Other members of the committee were more critical, including Wisconsin Democrat Russ Feingold, who said he opposes what he sees as a “risky and unsustainable strategy in the region.”
National Security
Obama is pursuing “a war that no longer serves our most pressing national security interests,” Feingold said.
Mullen and Gates cited ties between al-Qaeda and the Taliban and Afghanistan and Pakistan as well as with Lashkar-e-Taiba, the group alleged to be responsible for the November 2008 attack on Mumbai, India’s financial capital.
India has demanded that Pakistan prosecute members of the Lashkar-e-Taiba militant group who it says carried out the Mumbai attack that killed 166 people. Pakistan acknowledged the raid was planned on its soil.
An anti-terrorism court in Pakistan last month charged seven people, including Zaki ur-Rehman Lakhvi, a Lashkar commander, with involvement in the attacks. The group’s founder has been put under house arrest.
Al-Qaeda is providing Lashkar-e-Taiba “with targeting information and helping them in their plotting in India, clearly with the idea of provoking a conflict between India and Pakistan that would destabilize Pakistan,” Gates said. Al-Qaeda is “taking advantage of the situation in the region to play a very destabilizing and dangerous role.”
Potential Threat
That connection illustrates the potential threat of allowing Afghanistan to again become a safe haven for al-Qaeda, Mullen said. The Taliban harbored the group before being ousted in the U.S. invasion that followed the Sept. 11, 2001, terror attacks.

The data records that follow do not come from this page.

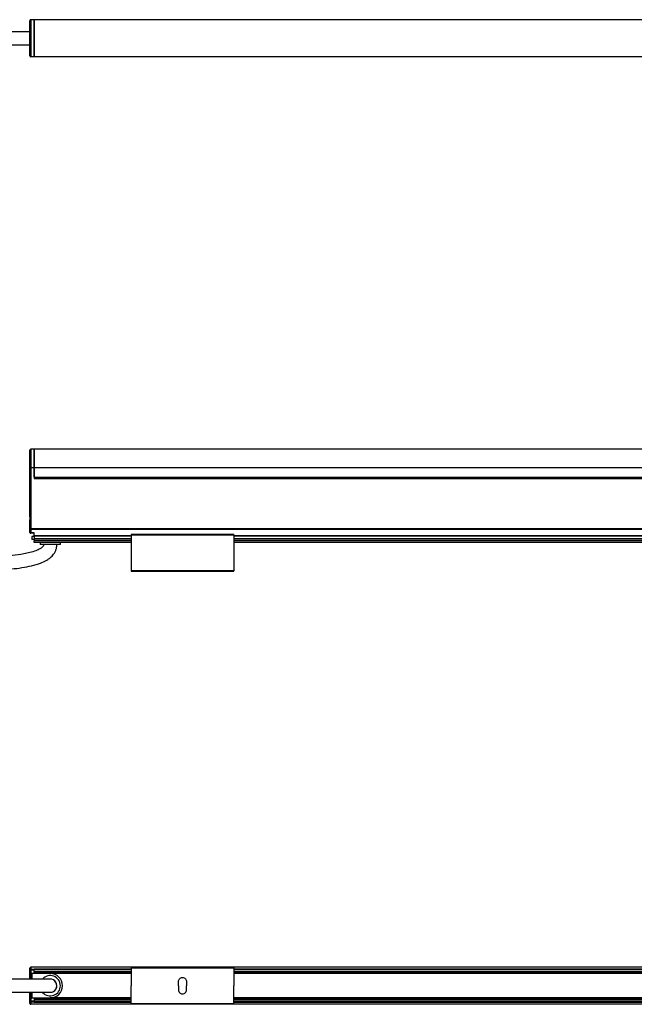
# Model space of a CAD drawing. Header units: millimetres. Extents: x -1015 to 3075, y 357 to 841.
# Tile 5 of 14: x -139 to 163, y 357 to 841. Entities that reach past the tile are written whole.
import ezdxf

# ---------------------------------------------------------------- set-up
doc = ezdxf.new("R2010")
doc.units = ezdxf.units.MM

# ---------------------------------------------------------------- blocks, each defined once
blk = doc.blocks.new('Drawing View1')
at = {"color": 7, "linetype": 'Continuous', "lineweight": 25}
for p, q in [((155.2, -5.4), (155.2, 11.9)), ((155.7, 12.4), (155.7, -5.9)), ((157.2, 12.4), (155.7, 12.4)), ((157.2, -5.9), (157.2, 12.4)), ((157.2, 12.4), (157.21, 12.4)), ((157.2, 11.9), (157.21, 11.9)), ((753.19, 12.4), (157.21, 12.4)), ((157.21, 12.4), (157.21, -5.9)), ((157.2, -5.9), (155.7, -5.9)), ((157.2, -5.4), (157.21, -5.4)), ((157.2, -5.9), (157.21, -5.9)), ((753.19, -5.9), (157.21, -5.9))]:
    blk.add_line(p, q, dxfattribs=at)
for centre, start, end in [((155.7, 11.9), 90, 180), ((155.7, -5.4), 180, 270)]:
    blk.add_arc(centre, 0.5, start, end, dxfattribs=at)
for points, knots in [([(155.2, 6.5), (153.54, 6.5), (150.1, 6.5), (144.72, 6.5), (139.11, 6.5), (133.39, 6.5), (127.58, 6.5), (121.67, 6.5), (114.92, 6.5), (107.58, 6.5), (99.97, 6.5), (92.91, 6.5), (84.91, 6.5), (75.6, 6.5), (64.91, 6.5), (54.14, 6.5), (45.39, 6.5), (38.68, 6.5), (34.11, 6.5), (29.7, 6.5), (25.66, 6.5), (21.6, 6.5), (17.23, 6.5), (12.07, 6.5), (6.23, 6.5), (2.14, 6.5), (0, 6.5)], [0, 0, 0, 0, 0.032613, 0.067841, 0.104341, 0.141053, 0.178269, 0.216419, 0.255129, 0.308428, 0.358055, 0.402177, 0.444756, 0.51266, 0.582033, 0.651426, 0.720806, 0.751317, 0.780971, 0.809117, 0.836545, 0.859112, 0.887426, 0.920923, 0.95881, 1, 1, 1, 1]), ([(0, 0), (2.83, 0), (8.41, 0), (16.53, 0), (24.12, 0), (30.98, 0), (36.94, 0), (42.09, 0), (46.75, 0), (51.28, 0), (59.95, 0), (72.9, 0), (86.94, 0), (97.84, 0), (105.19, 0), (112.03, 0), (118.76, 0), (126.37, 0), (134.95, 0), (142.65, 0), (148.58, 0), (151.99, 0), (154.15, 0), (154.95, 0), (155.2, 0)], [0, 0, 0, 0, 0.054689, 0.1075, 0.156755, 0.201221, 0.240028, 0.272056, 0.300775, 0.329988, 0.359655, 0.468452, 0.580195, 0.631141, 0.679046, 0.722128, 0.763118, 0.808952, 0.868815, 0.928671, 0.957611, 0.98395, 0.99509, 1, 1, 1, 1])]:
    blk.add_open_spline(points, degree=3, knots=knots, dxfattribs=at)
blk = doc.blocks.new('Drawing View2')
at = {"color": 7, "linetype": 'Continuous', "lineweight": 25}
for p, q in [((-6.75, 37.74), (-6.75, 46.39)), ((-4.75, 46.89), (-6.25, 46.89)), ((-6.25, 46.89), (-6.25, 37.74)), ((-4.75, 37.74), (-4.75, 46.89)), ((591.24, 46.89), (-4.74, 46.89)), ((-4.74, 46.89), (-4.74, 37.74)), ((-6.75, 37.74), (-6.25, 37.74)), ((-6.75, 14.01), (-6.75, 37.74)), ((-6.25, 37.74), (-6.25, 7.69)), ((-4.75, 37.74), (-6.25, 37.74)), ((-4.75, 37.74), (-4.75, 32.4)), ((591.24, 37.74), (-4.74, 37.74)), ((-4.74, 33.15), (-4.74, 37.74)), ((-4.75, 32.9), (-4.74, 32.9)), ((-4.75, 32.4), (591.25, 32.4)), ((-4.74, 33.15), (591.24, 33.15)), ((-4.74, 33.15), (-4.74, 32.9)), ((-4.74, 32.9), (591.24, 32.9)), ((-6.75, 7.69), (-6.75, 11.79)), ((-6.75, 7.69), (-6.25, 7.69)), ((-6.75, 6), (-6.75, 7.69)), ((592.75, 7.69), (-6.25, 7.69)), ((-6.25, 7.69), (-6.25, 7.42)), ((592.75, 7.42), (-6.25, 7.42)), ((-6.25, 7.42), (-6.25, 5.74)), ((-4.75, 5.74), (-6.25, 5.74)), ((-6.25, 5.74), (-6.25, 5.5)), ((-4.75, 5.5), (-6.25, 5.5)), ((-4.75, 4.32), (-4.75, 5.74)), ((93.5, 4.9), (43, 4.9)), ((-5.75, 4), (-5.75, 2.5)), ((-4.75, 4), (-5.75, 4)), ((-4.75, 2.5), (-5.75, 2.5)), ((-4.75, 4.06), (-4.75, 4.32)), ((43, 4.32), (-4.75, 4.32)), ((-4.75, 4.06), (-4.75, 2.8)), ((43, 4.06), (-4.75, 4.06)), ((-4.75, 2.7), (-4.75, 2.8)), ((43, 2.8), (-4.75, 2.8)), ((43, 2.7), (-4.75, 2.7)), ((-4.75, 2.7), (-4.75, 1.82)), ((43, 1.82), (-4.75, 1.82)), ((-4.75, 1.03), (-4.75, 1.82)), ((-4.75, 1.03), (-4.75, 0.9)), ((43, 1.03), (-4.75, 1.03)), ((43, 0.9), (-4.75, 0.9)), ((-1.75, 0.9), (-1.75, 0)), ((8.25, 0), (-1.75, 0)), ((8.25, 0), (8.25, 0.9)), ((43, 4.7), (93.5, 4.7)), ((43, 4.7), (43, -12.9)), ((93.5, 4.7), (93.5, -12.9)), ((493, 4.32), (93.5, 4.32)), ((493, 4.06), (93.5, 4.06)), ((493, 2.8), (93.5, 2.8)), ((493, 2.7), (93.5, 2.7)), ((493, 1.82), (93.5, 1.82)), ((493, 1.03), (93.5, 1.03)), ((493, 0.9), (93.5, 0.9)), ((93.5, -12.9), (43, -12.9)), ((43, -13.1), (93.5, -13.1))]:
    blk.add_line(p, q, dxfattribs=at)
at = {"color": 7, "linetype": 'Continuous', "lineweight": 25, "flags": 128}
for points in [[(-6.75, 7.69), (-6.74, 7.63), (-6.71, 7.59), (-6.67, 7.54), (-6.6, 7.5), (-6.53, 7.47), (-6.44, 7.44), (-6.35, 7.43), (-6.25, 7.42)], [(-6.25, 5.74), (-6.35, 5.74), (-6.44, 5.76), (-6.53, 5.78), (-6.6, 5.82), (-6.67, 5.85), (-6.71, 5.9), (-6.74, 5.95), (-6.75, 6)]]:
    blk.add_lwpolyline(points, dxfattribs=at)
at = {"color": 7, "linetype": 'Continuous', "lineweight": 25}
for centre, start, end in [((-6.25, 46.39), 90, 180), ((-6.25, 6), 180, 270)]:
    blk.add_arc(centre, 0.5, start, end, dxfattribs=at)
for points, knots in [([(-6.75, 11.79), (-6.75, 11.87), (-6.74, 11.96), (-6.73, 12.14), (-6.72, 12.24), (-6.7, 12.52), (-6.69, 12.71), (-6.69, 13.09), (-6.7, 13.28), (-6.72, 13.56), (-6.73, 13.66), (-6.74, 13.84), (-6.75, 13.93), (-6.75, 14.01)], [0, 0, 0, 0, 0.125, 0.125, 0.25, 0.25, 0.5, 0.5, 0.75, 0.75, 0.875, 0.875, 1, 1, 1, 1]), ([(43, 4.9), (43, 4.9), (43, 4.9), (43, 4.87), (43, 4.83), (43, 4.77), (43, 4.72), (43, 4.7)], [0, 0, 0, 0, 0.145533, 0.35915, 0.572766, 0.786383, 1, 1, 1, 1]), ([(93.5, 4.7), (93.5, 4.72), (93.5, 4.77), (93.5, 4.83), (93.5, 4.87), (93.5, 4.9), (93.5, 4.9), (93.5, 4.9)], [0, 0, 0, 0, 0.213617, 0.427234, 0.64085, 0.854467, 1, 1, 1, 1]), ([(0, 0), (-0.01, -0.15), (-0.04, -0.45), (-0.43, -1.12), (-1.32, -1.84), (-2.55, -2.54), (-5.31, -3.69), (-9.6, -4.7), (-15.39, -5.5), (-21.08, -5.96), (-26.8, -6.23), (-32.52, -6.35), (-42.85, -6.37), (-57.79, -5.92), (-85.39, -4.48), (-109.66, -2.78), (-130.56, -1.58), (-137.88, -1.21), (-143.2, -0.98), (-146.87, -0.84), (-151.28, -0.7), (-156.4, -0.58), (-160.03, -0.56), (-161.95, -0.55)], [0, 0, 0, 0, 0.002741, 0.005502, 0.013907, 0.023316, 0.031352, 0.068697, 0.103541, 0.138447, 0.173425, 0.208369, 0.243245, 0.36282, 0.482252, 0.749773, 0.808606, 0.866047, 0.883991, 0.906173, 0.933346, 0.964901, 1, 1, 1, 1]), ([(-161.95, -7.05), (-159.33, -7.07), (-154.5, -7.11), (-147.99, -7.3), (-142.75, -7.51), (-138.34, -7.7), (-134.2, -7.91), (-124.73, -8.41), (-104.73, -9.65), (-79.37, -11.34), (-53.89, -12.59), (-36.92, -12.97), (-23.37, -12.66), (-14.92, -12.03), (-8.34, -11.05), (-4.43, -10.15), (-1.28, -9.09), (0.91, -8.11), (2.96, -6.81), (4.66, -5.25), (5.83, -3.41), (6.41, -1.56), (6.47, -0.53), (6.5, 0)], [0, 0, 0, 0, 0.045228, 0.08332, 0.112265, 0.135706, 0.159565, 0.183811, 0.299216, 0.505221, 0.622307, 0.739359, 0.797866, 0.856266, 0.885308, 0.912613, 0.925295, 0.942628, 0.953894, 0.966943, 0.982236, 0.990834, 1, 1, 1, 1])]:
    blk.add_open_spline(points, degree=3, knots=knots, dxfattribs=at)
for points in [[(43, -12.9), (43, -12.93), (43, -12.98), (43, -13.04), (43, -13.09), (43, -13.1), (43, -13.1)], [(93.5, -13.1), (93.5, -13.1), (93.5, -13.09), (93.5, -13.04), (93.5, -12.98), (93.5, -12.93), (93.5, -12.9)]]:
    blk.add_open_spline(points, degree=3, dxfattribs=at)
blk = doc.blocks.new('Drawing View4')
at = {"color": 7, "linetype": 'Continuous', "lineweight": 25}
for p, q in [((155.2, 10.87), (155.2, 11.9)), ((155.2, 6.5), (155.2, 10.87)), ((155.7, 10.87), (155.2, 10.87)), ((155.7, 12.4), (155.7, 12.33)), ((754.7, 12.4), (155.7, 12.4)), ((155.7, 12.33), (155.7, 11.29)), ((754.7, 12.33), (155.7, 12.33)), ((157.2, 11.29), (155.7, 11.29)), ((155.7, 11.29), (155.7, 10.87)), ((157.2, 10.87), (155.7, 10.87)), ((155.7, 10.87), (155.7, 6.5)), ((204.95, 11.35), (157.2, 11.35)), ((157.2, 11.35), (157.2, 11.17)), ((204.95, 11.17), (157.2, 11.17)), ((157.2, 10.32), (157.2, 11.17)), ((157.2, 10.32), (157.2, 9.98)), ((204.95, 10.32), (157.2, 10.32)), ((157.2, 9.35), (157.2, 9.98)), ((204.95, 9.98), (157.2, 9.98)), ((255.45, 12.25), (204.95, 12.25)), ((204.95, 12.05), (255.45, 12.05)), ((204.95, 12.05), (204.95, 3.25)), ((255.45, 12.05), (255.45, 3.25)), ((654.95, 11.35), (255.45, 11.35)), ((654.95, 11.17), (255.45, 11.17)), ((654.95, 10.32), (255.45, 10.32)), ((654.95, 9.98), (255.45, 9.98)), ((156.2, 9.25), (156.2, 6.5)), ((165.2, 9.25), (156.2, 9.25)), ((204.95, 9.35), (157.2, 9.35)), ((157.2, 9.25), (157.2, 9.35)), ((204.95, 9.25), (165.2, 9.25)), ((228.2, 3.25), (228.2, 5.25)), ((232.2, 5.25), (232.2, 3.25)), ((654.95, 9.35), (255.45, 9.35)), ((654.95, 9.25), (255.45, 9.25)), ((155.2, -4.37), (155.2, 0)), ((155.7, 0), (155.7, -4.37)), ((156.2, 0), (156.2, -2.75)), ((204.95, -5.55), (204.95, 3.25)), ((228.2, 3.25), (228.2, 1.25)), ((232.2, 1.25), (232.2, 3.25)), ((255.45, -5.55), (255.45, 3.25)), ((155.7, -4.37), (155.2, -4.37)), ((155.2, -5.4), (155.2, -4.37)), ((157.2, -4.37), (155.7, -4.37)), ((155.7, -4.37), (155.7, -4.79)), ((155.7, -4.79), (155.7, -5.83)), ((157.2, -4.79), (155.7, -4.79)), ((156.2, -2.75), (165.2, -2.75)), ((157.2, -2.85), (157.2, -2.75)), ((204.95, -2.85), (157.2, -2.85)), ((157.2, -2.85), (157.2, -3.48)), ((157.2, -3.48), (157.2, -3.82)), ((204.95, -3.48), (157.2, -3.48)), ((157.2, -3.82), (157.2, -4.67)), ((204.95, -3.82), (157.2, -3.82)), ((204.95, -4.67), (157.2, -4.67)), ((157.2, -4.67), (157.2, -4.85)), ((204.95, -2.75), (165.2, -2.75)), ((654.95, -2.75), (255.45, -2.75)), ((654.95, -2.85), (255.45, -2.85)), ((654.95, -3.48), (255.45, -3.48)), ((654.95, -3.82), (255.45, -3.82)), ((654.95, -4.67), (255.45, -4.67)), ((754.7, -5.83), (155.7, -5.83)), ((155.7, -5.83), (155.7, -5.9)), ((754.7, -5.9), (155.7, -5.9)), ((157.2, -4.85), (204.95, -4.85)), ((204.95, -5.55), (255.45, -5.55)), ((255.45, -5.75), (204.95, -5.75)), ((255.45, -4.85), (654.95, -4.85))]:
    blk.add_line(p, q, dxfattribs=at)
for centre, radius, start, end in [((155.7, 11.9), 0.5, 90, 180), ((155.67, 11.86), 0.468, 85.8136, 175.0883), ((155.67, 10.83), 0.468, 85.8136, 175.0883), ((165.2, 3.25), 5, 221.1375, 139.0534), ((165.2, 3.25), 3.25, 270, 91.1723), ((165.2, 3.25), 6, 270, 90), ((165.2, 3.25), 3.25, 269.9707, 89.981), ((155.67, -4.33), 0.468, 184.9117, 274.1864), ((155.67, -5.36), 0.468, 184.9117, 274.1864), ((155.7, -5.4), 0.5, 180, 270)]:
    blk.add_arc(centre, radius, start, end, dxfattribs=at)
for points in [[(204.95, 12.25), (204.95, 12.25), (204.95, 12.24), (204.95, 12.19), (204.95, 12.13), (204.95, 12.08), (204.95, 12.05)], [(255.45, 12.05), (255.45, 12.08), (255.45, 12.13), (255.45, 12.19), (255.45, 12.24), (255.45, 12.25), (255.45, 12.25)], [(228.2, 5.25), (228.23, 5.51), (228.29, 6.04), (228.75, 6.7), (229.41, 7.15), (230.2, 7.3), (230.99, 7.15), (231.65, 6.7), (232.11, 6.04), (232.17, 5.51), (232.2, 5.25)], [(228.2, 1.25), (228.23, 0.99), (228.29, 0.46), (228.75, -0.2), (229.41, -0.65), (230.2, -0.8), (230.99, -0.65), (231.65, -0.2), (232.11, 0.46), (232.17, 0.99), (232.2, 1.25)], [(204.95, -5.75), (204.95, -5.75), (204.95, -5.74), (204.95, -5.69), (204.95, -5.63), (204.95, -5.58), (204.95, -5.55)], [(255.45, -5.55), (255.45, -5.58), (255.45, -5.63), (255.45, -5.69), (255.45, -5.74), (255.45, -5.75), (255.45, -5.75)]]:
    blk.add_open_spline(points, degree=3, dxfattribs=at)
for points, knots in [([(165.2, 6.5), (165.17, 6.5), (165.13, 6.5), (164.62, 6.5), (163.53, 6.5), (161.89, 6.5), (159.84, 6.5), (157.72, 6.5), (155.63, 6.5), (153.86, 6.5), (152.1, 6.5), (150.27, 6.5), (148.39, 6.5), (144.14, 6.5), (137.51, 6.5), (128.63, 6.5), (119.99, 6.5), (111.65, 6.5), (103.29, 6.5), (95.69, 6.5), (88.7, 6.5), (82.56, 6.5), (76.46, 6.5), (70.58, 6.5), (64.97, 6.5), (59.54, 6.5), (54.21, 6.5), (48.55, 6.5), (42.27, 6.5), (35.07, 6.5), (27.06, 6.5), (18.39, 6.5), (9.3, 6.5), (3.12, 6.5), (0, 6.5)], [0, 0, 0, 0, 0.006663, 0.012838, 0.024755, 0.036695, 0.048283, 0.065251, 0.076513, 0.086766, 0.097424, 0.108437, 0.119728, 0.131143, 0.184432, 0.237654, 0.288979, 0.338019, 0.386039, 0.437646, 0.473192, 0.510411, 0.54689, 0.581852, 0.615163, 0.646723, 0.678674, 0.710104, 0.747492, 0.790429, 0.838281, 0.890113, 0.944613, 1, 1, 1, 1]), ([(0, 0), (2.15, 0), (6.2, 0), (11.83, 0), (16.52, 0), (20.41, 0), (23.84, 0), (27.18, 0), (35.71, 0), (46.87, 0), (60.65, 0), (71.82, 0), (82.27, 0), (91.99, 0), (101.25, 0), (111.04, 0), (121.39, 0), (131.79, 0), (139.4, 0), (144.38, 0), (147.24, 0), (150.59, 0), (154.29, 0), (158.03, 0), (160.99, 0), (163.01, 0), (164.19, 0), (165.04, 0), (165.15, 0), (165.2, 0)], [0, 0, 0, 0, 0.038274, 0.072011, 0.100036, 0.121656, 0.141181, 0.161004, 0.181094, 0.293087, 0.359779, 0.426481, 0.49198, 0.545871, 0.599448, 0.656846, 0.720072, 0.783433, 0.841641, 0.855374, 0.872206, 0.892622, 0.91538, 0.938887, 0.961302, 0.971608, 0.981223, 0.990427, 1, 1, 1, 1])]:
    blk.add_open_spline(points, degree=3, knots=knots, dxfattribs=at)

msp = doc.modelspace()

# ---------------------------------------------------------------- block references
at = {"color": 7, "linetype": 'Continuous', "lineweight": 25}
for name, p in [('Drawing View1', (-289.24, 828.64)), ('Drawing View2', (-127.29, 582.94)), ('Drawing View4', (-289.24, 362.7))]:
    msp.add_blockref(name, p, dxfattribs=at)

doc.saveas('drawing.dxf')

Mullen said he was “struck” that “a terrorist outfit could literally generate that kind of attack and then bring two nation-states closer to conflict.”
Clinton said after today’s hearing that the U.S. is “encouraged” that, beginning tomorrow at a North Atlantic Treaty Organization meeting in Brussels, there will be “a number of public announcements about additional troop commitments, additional civilian assistance and development aid as well.”
NATO will contribute more than 5,000 additional troops, the alliance said today.